Current approaches to building general-purpose AI systems tend to produce systems with both beneficial and harmful capabilities. Further progress in AI development could lead to capabilities that pose extreme risks, such as offensive cyber capabilities or strong manipulation skills. We explain why model evaluation is critical for addressing extreme risks. Developers must be able to identify dangerous capabilities (through “dangerous capability evaluations”) and the propensity of models to apply their capabilities for harm (through “alignment evaluations”). These evaluations will become critical for keeping policymakers and other stakeholders informed, and for making responsible decisions about model training, deployment, and security.
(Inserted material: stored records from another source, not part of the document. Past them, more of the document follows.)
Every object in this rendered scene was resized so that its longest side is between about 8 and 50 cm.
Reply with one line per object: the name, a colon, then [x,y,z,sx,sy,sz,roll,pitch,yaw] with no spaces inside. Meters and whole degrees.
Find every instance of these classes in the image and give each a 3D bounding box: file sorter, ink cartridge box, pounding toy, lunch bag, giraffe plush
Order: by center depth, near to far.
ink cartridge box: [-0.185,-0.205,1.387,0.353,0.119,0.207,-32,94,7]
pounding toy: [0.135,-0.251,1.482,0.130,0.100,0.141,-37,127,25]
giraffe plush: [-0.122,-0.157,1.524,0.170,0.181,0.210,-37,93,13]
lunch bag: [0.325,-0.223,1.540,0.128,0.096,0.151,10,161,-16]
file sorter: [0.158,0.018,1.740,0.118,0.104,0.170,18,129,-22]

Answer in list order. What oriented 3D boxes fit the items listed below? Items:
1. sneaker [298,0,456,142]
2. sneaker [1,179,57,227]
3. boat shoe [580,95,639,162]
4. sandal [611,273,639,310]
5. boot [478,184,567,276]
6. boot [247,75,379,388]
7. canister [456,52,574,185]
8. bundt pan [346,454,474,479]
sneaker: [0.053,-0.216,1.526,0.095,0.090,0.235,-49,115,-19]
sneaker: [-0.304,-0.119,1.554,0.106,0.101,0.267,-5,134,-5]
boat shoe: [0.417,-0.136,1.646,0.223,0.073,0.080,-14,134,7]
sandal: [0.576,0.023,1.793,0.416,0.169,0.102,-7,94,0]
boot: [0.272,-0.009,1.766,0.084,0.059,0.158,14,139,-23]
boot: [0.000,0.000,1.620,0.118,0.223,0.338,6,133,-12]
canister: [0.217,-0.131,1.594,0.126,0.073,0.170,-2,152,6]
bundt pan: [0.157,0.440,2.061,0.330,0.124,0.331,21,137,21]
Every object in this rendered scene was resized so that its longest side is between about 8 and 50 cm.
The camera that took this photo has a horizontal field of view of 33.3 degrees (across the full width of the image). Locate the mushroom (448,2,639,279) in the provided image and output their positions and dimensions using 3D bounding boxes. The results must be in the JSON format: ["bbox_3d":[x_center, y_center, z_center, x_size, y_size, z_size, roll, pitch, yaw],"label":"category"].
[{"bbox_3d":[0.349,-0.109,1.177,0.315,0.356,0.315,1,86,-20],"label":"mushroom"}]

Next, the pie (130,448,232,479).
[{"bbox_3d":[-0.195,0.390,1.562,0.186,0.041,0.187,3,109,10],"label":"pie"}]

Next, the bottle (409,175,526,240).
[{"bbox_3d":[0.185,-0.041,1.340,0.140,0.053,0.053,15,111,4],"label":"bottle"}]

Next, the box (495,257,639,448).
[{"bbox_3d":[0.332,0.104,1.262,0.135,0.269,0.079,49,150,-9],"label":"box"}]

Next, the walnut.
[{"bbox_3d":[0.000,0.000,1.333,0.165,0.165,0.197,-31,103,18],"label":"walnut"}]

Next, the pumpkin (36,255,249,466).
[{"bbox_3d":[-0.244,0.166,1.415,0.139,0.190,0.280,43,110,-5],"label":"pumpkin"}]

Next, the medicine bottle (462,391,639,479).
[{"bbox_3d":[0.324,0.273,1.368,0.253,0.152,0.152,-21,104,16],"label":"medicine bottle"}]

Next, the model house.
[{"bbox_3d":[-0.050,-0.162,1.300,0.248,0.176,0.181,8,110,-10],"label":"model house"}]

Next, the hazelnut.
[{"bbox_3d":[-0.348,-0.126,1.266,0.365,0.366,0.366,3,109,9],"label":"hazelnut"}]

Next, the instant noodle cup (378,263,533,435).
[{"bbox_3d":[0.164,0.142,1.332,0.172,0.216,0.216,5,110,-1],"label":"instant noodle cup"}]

Figure 1 | The theory of change for model evaluations for extreme risk. Evaluations for dangerous capabilities and alignment inform risk assessments, and are in turn embedded into important gover- nance processes.

1. Introduction

As AI progress has advanced, general-purpose AI systems have tended to display new and hard-to- forecast capabilities – including harmful capabilities that their developers did not intend (Ganguli et al., 2022). Future systems may display even more dangerous emergent capabilities, such as the ability to conduct offensive cyber operations, manipulate people through conversation, or provide actionable instructions on conducting acts of terrorism.
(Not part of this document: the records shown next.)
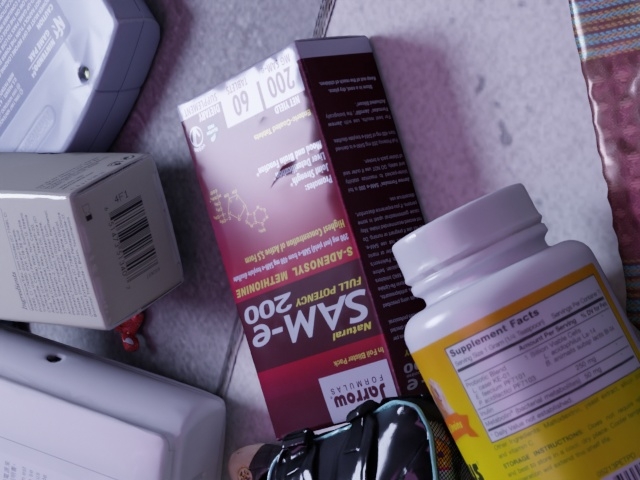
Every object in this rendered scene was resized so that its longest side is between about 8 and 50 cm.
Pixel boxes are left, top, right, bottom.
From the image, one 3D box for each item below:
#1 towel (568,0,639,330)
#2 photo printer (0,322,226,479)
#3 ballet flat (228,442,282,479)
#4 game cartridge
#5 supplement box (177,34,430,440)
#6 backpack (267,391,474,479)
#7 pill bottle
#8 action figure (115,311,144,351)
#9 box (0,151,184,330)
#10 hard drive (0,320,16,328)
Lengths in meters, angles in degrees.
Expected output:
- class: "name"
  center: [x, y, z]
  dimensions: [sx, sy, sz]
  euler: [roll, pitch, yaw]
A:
- class: "towel"
  center: [0.280, -0.097, 0.735]
  dimensions: [0.370, 0.040, 0.271]
  euler: [-12, 89, 46]
- class: "photo printer"
  center: [-0.232, 0.199, 1.203]
  dimensions: [0.308, 0.107, 0.256]
  euler: [15, 110, 23]
- class: "ballet flat"
  center: [-0.007, 0.193, 1.074]
  dimensions: [0.173, 0.049, 0.057]
  euler: [31, 118, 37]
- class: "game cartridge"
  center: [-0.239, -0.137, 1.238]
  dimensions: [0.294, 0.060, 0.196]
  euler: [-46, 63, 41]
- class: "supplement box"
  center: [0.000, 0.000, 1.011]
  dimensions: [0.130, 0.073, 0.239]
  euler: [-22, 83, 45]
- class: "backpack"
  center: [0.059, 0.205, 0.934]
  dimensions: [0.166, 0.144, 0.188]
  euler: [-28, 55, 43]
- class: "pill bottle"
  center: [0.124, 0.081, 0.855]
  dimensions: [0.117, 0.117, 0.215]
  euler: [-32, 82, 44]
- class: "action figure"
  center: [-0.168, 0.035, 1.220]
  dimensions: [0.038, 0.030, 0.115]
  euler: [-32, 77, 39]
- class: "box"
  center: [-0.244, -0.005, 1.179]
  dimensions: [0.275, 0.094, 0.113]
  euler: [4, 116, 36]
- class: "hard drive"
  center: [-0.330, 0.078, 1.319]
  dimensions: [0.022, 0.135, 0.094]
  euler: [177, 83, -77]

AI developers and regulators must be able to identify these capabilities, if they want to limit the risks they pose. The AI community already relies heavily on model evaluation – i.e. empirical assessment of a model’s properties – for identifying and responding to a wide range of risks. Existing model evaluations measure gender and racial biases, truthfulness, toxicity, recitation of copyrighted content, and many more properties of models (Liang et al., 2022).

We propose extending this toolbox to address risks that would be extreme in scale, resulting from the misuse or misalignment of general-purpose models. Work on this new class of model evaluation is already underway. These evaluations can be organised into two categories: (a) whether a model has certain dangerous capabilities, and (b) whether it has the propensity to harmfully apply its capabilities (alignment).
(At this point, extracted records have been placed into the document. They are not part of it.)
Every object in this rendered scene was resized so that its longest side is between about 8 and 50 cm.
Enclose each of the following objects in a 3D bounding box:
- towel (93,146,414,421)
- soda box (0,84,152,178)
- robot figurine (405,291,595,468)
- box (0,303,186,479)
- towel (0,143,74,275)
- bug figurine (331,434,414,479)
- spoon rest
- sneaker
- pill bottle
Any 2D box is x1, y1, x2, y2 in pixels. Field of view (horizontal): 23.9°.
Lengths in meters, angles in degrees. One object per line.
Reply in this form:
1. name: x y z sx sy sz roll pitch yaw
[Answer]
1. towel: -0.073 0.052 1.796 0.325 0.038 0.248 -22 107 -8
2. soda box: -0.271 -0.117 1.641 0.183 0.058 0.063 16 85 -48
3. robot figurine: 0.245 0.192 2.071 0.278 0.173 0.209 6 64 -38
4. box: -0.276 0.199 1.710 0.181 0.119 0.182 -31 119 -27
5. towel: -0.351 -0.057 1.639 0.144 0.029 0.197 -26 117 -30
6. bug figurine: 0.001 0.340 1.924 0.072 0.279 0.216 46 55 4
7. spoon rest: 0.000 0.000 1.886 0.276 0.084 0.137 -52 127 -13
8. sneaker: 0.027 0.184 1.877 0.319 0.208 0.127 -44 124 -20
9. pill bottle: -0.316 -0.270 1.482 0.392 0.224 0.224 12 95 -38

Model evaluations for extreme risks will play a critical role in governance regimes. A central goal of AI governance should be to limit the creation, deployment, and proliferation of systems that pose extreme risks. To do this, we need tools for looking at a particular system and assessing whether it poses extreme risks. We can then craft company policies or regulations that ensure:

Responsible training: Responsible decisions are made about whether and how to train a new model that shows early signs of risk.
Responsible deployment: Responsible decisions are made about whether, when, and how to deploy potentially risky models.
Transparency: Useful and actionable information is reported to stakeholders, to help them mitigate potential risks.
Appropriate security: Strong information security controls and systems are applied to models that might pose extreme risks.

Many AI governance initiatives focus on the risks inherent to a particular deployment context, such as the “high-risk” applications listed in the draft EU AI Act. However, models with sufficiently dangerous capabilities could pose risks even in seemingly low-risk domains. We therefore need tools for assessing both the risk level of a particular domain and the potentially risky properties of particular models; this paper focuses on the latter.

Section 2 motivates our focus on extreme risks from general-purpose models and refines the scope of the paper. Section 3 outlines a vision for how model evaluations for such risks should be incorporated into AI governance frameworks. Section 4 describes early work in the area and outlines key design criteria for extreme risk evaluations. Section 5 discusses the limitations of model evaluations for extreme risks and outlines ways in which work on these evaluations could cause unintended harm. We conclude with high-level recommendations for AI developers and policymakers.